#### EXCERPTED RECORDS

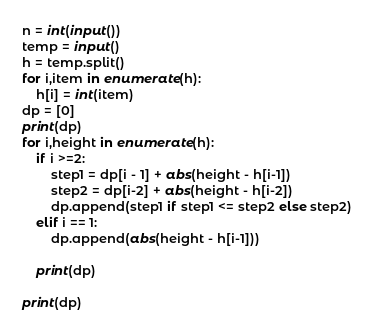<code> <loc_0><loc_0><loc_500><loc_500><_Python_>
n = int(input())
temp = input()
h = temp.split()
for i,item in enumerate(h):
    h[i] = int(item)
dp = [0]
print(dp)
for i,height in enumerate(h):
    if i >=2:
        step1 = dp[i - 1] + abs(height - h[i-1])
        step2 = dp[i-2] + abs(height - h[i-2])
        dp.append(step1 if step1 <= step2 else step2)
    elif i == 1:
        dp.append(abs(height - h[i-1]))

    print(dp)

print(dp)


</code> 
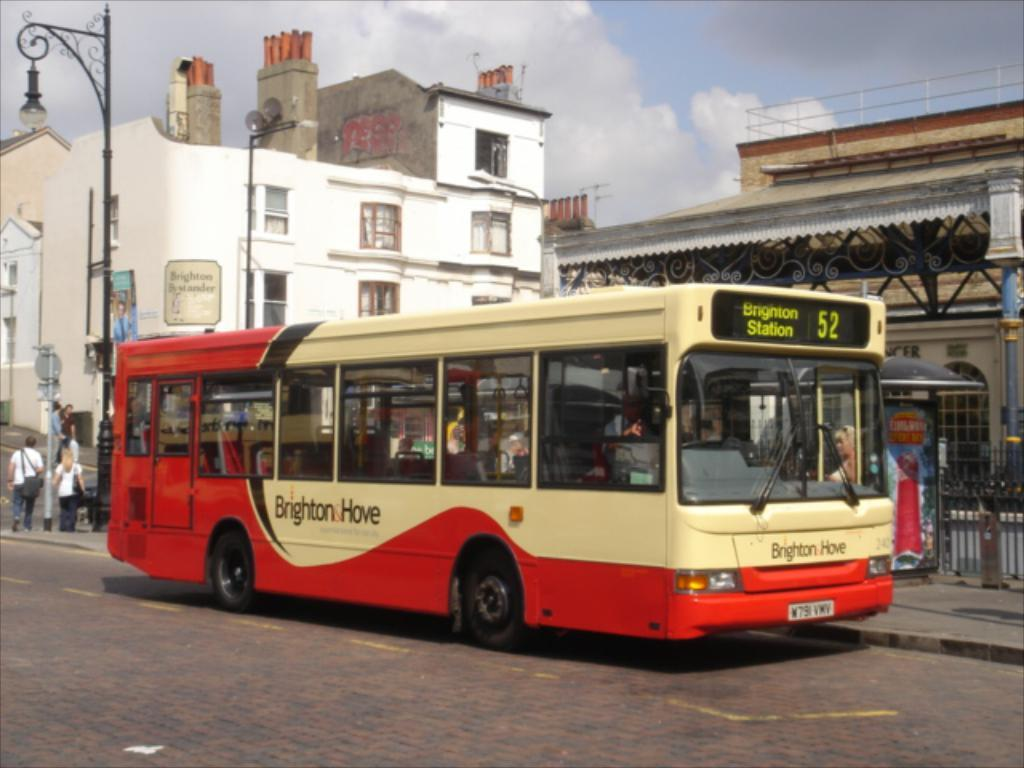<image>
Create a compact narrative representing the image presented. the bus with the number 52 on it 
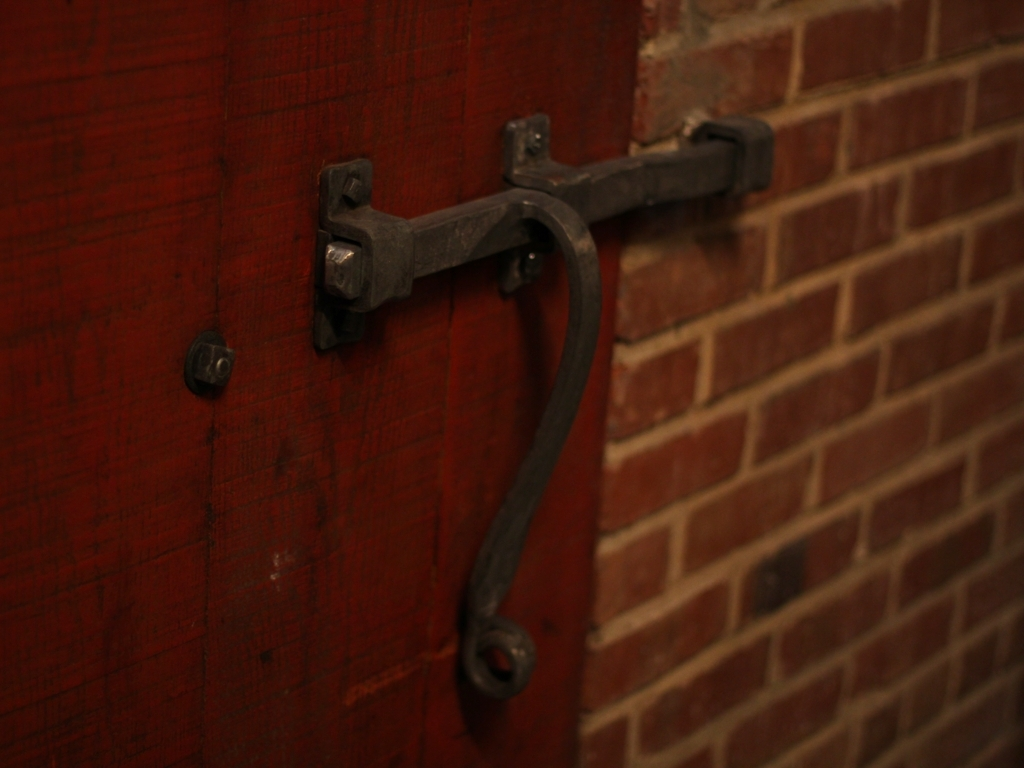How does the image composition contribute to the focus or mood of the picture? The composition, with its soft focus and shallow depth of field, directs attention to the metal latch's texture against the contrasting red door, enhancing its vintage look. The dim lighting and warm tones evoke a sense of nostalgia and mystery, underscoring the mood of the image. 
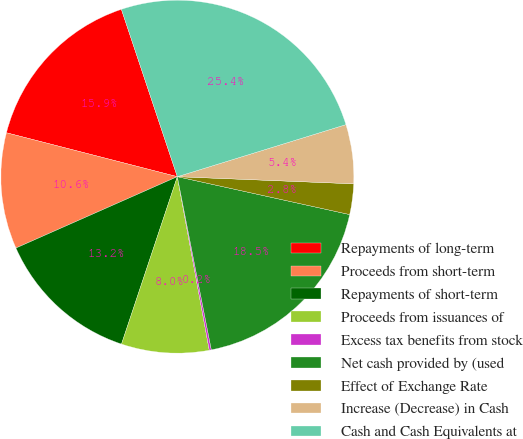Convert chart to OTSL. <chart><loc_0><loc_0><loc_500><loc_500><pie_chart><fcel>Repayments of long-term<fcel>Proceeds from short-term<fcel>Repayments of short-term<fcel>Proceeds from issuances of<fcel>Excess tax benefits from stock<fcel>Net cash provided by (used<fcel>Effect of Exchange Rate<fcel>Increase (Decrease) in Cash<fcel>Cash and Cash Equivalents at<nl><fcel>15.86%<fcel>10.63%<fcel>13.25%<fcel>8.02%<fcel>0.19%<fcel>18.47%<fcel>2.8%<fcel>5.41%<fcel>25.37%<nl></chart> 
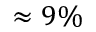<formula> <loc_0><loc_0><loc_500><loc_500>\approx 9 \%</formula> 
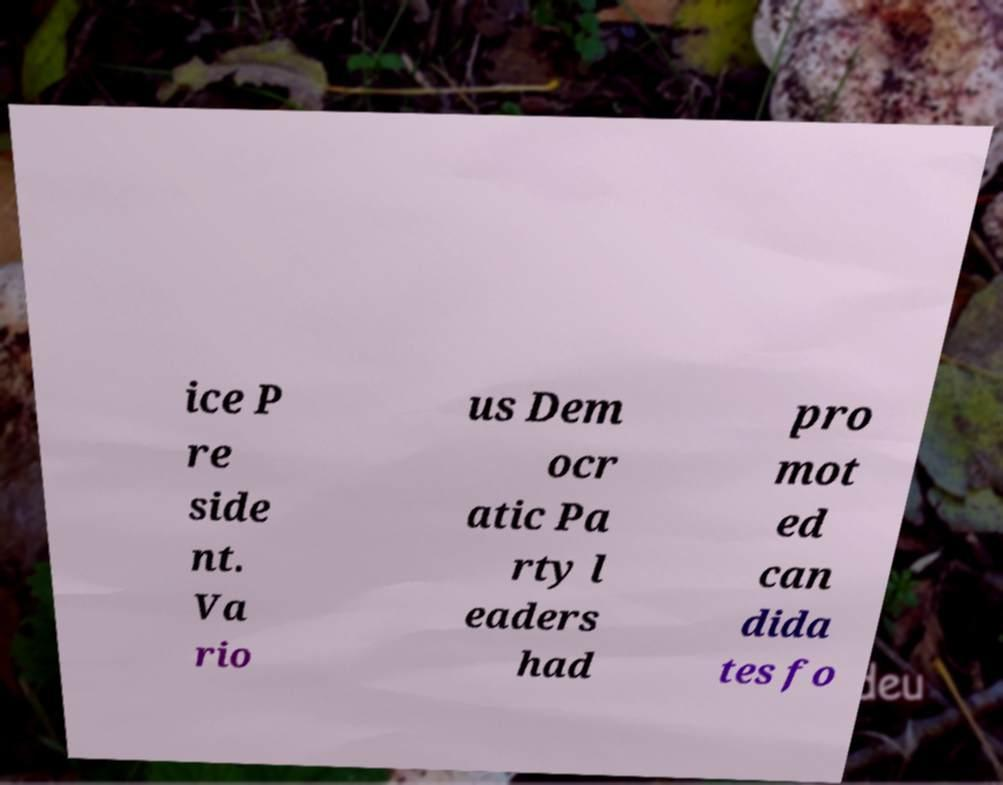Please identify and transcribe the text found in this image. ice P re side nt. Va rio us Dem ocr atic Pa rty l eaders had pro mot ed can dida tes fo 
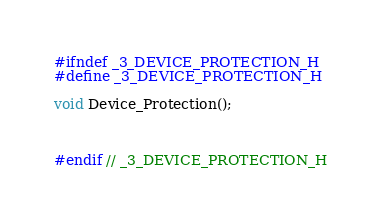<code> <loc_0><loc_0><loc_500><loc_500><_C_>#ifndef _3_DEVICE_PROTECTION_H
#define _3_DEVICE_PROTECTION_H

void Device_Protection();



#endif // _3_DEVICE_PROTECTION_H</code> 
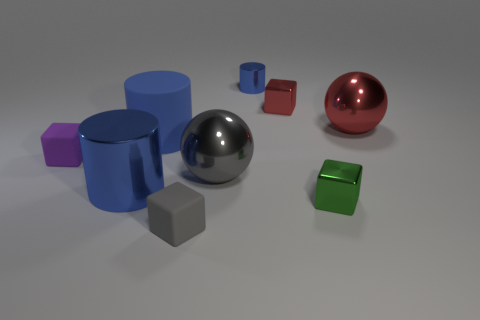How many other things are the same size as the purple matte thing?
Make the answer very short. 4. There is a metallic thing left of the gray metallic sphere; does it have the same shape as the small rubber thing that is behind the tiny gray matte block?
Offer a very short reply. No. How many things are either purple blocks or blue metal things in front of the small red metal thing?
Offer a terse response. 2. There is a blue thing that is behind the tiny purple cube and in front of the tiny red block; what material is it made of?
Offer a very short reply. Rubber. Is there any other thing that is the same shape as the large rubber object?
Ensure brevity in your answer.  Yes. What color is the tiny thing that is made of the same material as the small gray cube?
Give a very brief answer. Purple. How many things are either small cylinders or small green spheres?
Provide a succinct answer. 1. Is the size of the blue rubber thing the same as the shiny cylinder that is left of the tiny blue shiny cylinder?
Provide a succinct answer. Yes. The metallic cube behind the large red metallic object that is on the right side of the sphere in front of the large red shiny thing is what color?
Ensure brevity in your answer.  Red. What is the color of the matte cylinder?
Ensure brevity in your answer.  Blue.

########

Return every line above in which the string "gray" occurs.

* _WRITTEN REPLY_:
Make the answer very short. 4. There is a metallic thing left of the gray metallic sphere; does it have the same shape as the small rubber thing that is behind the tiny gray matte block?
Ensure brevity in your answer.  Yes. What color is the tiny thing that is made of the same material as the small gray cube?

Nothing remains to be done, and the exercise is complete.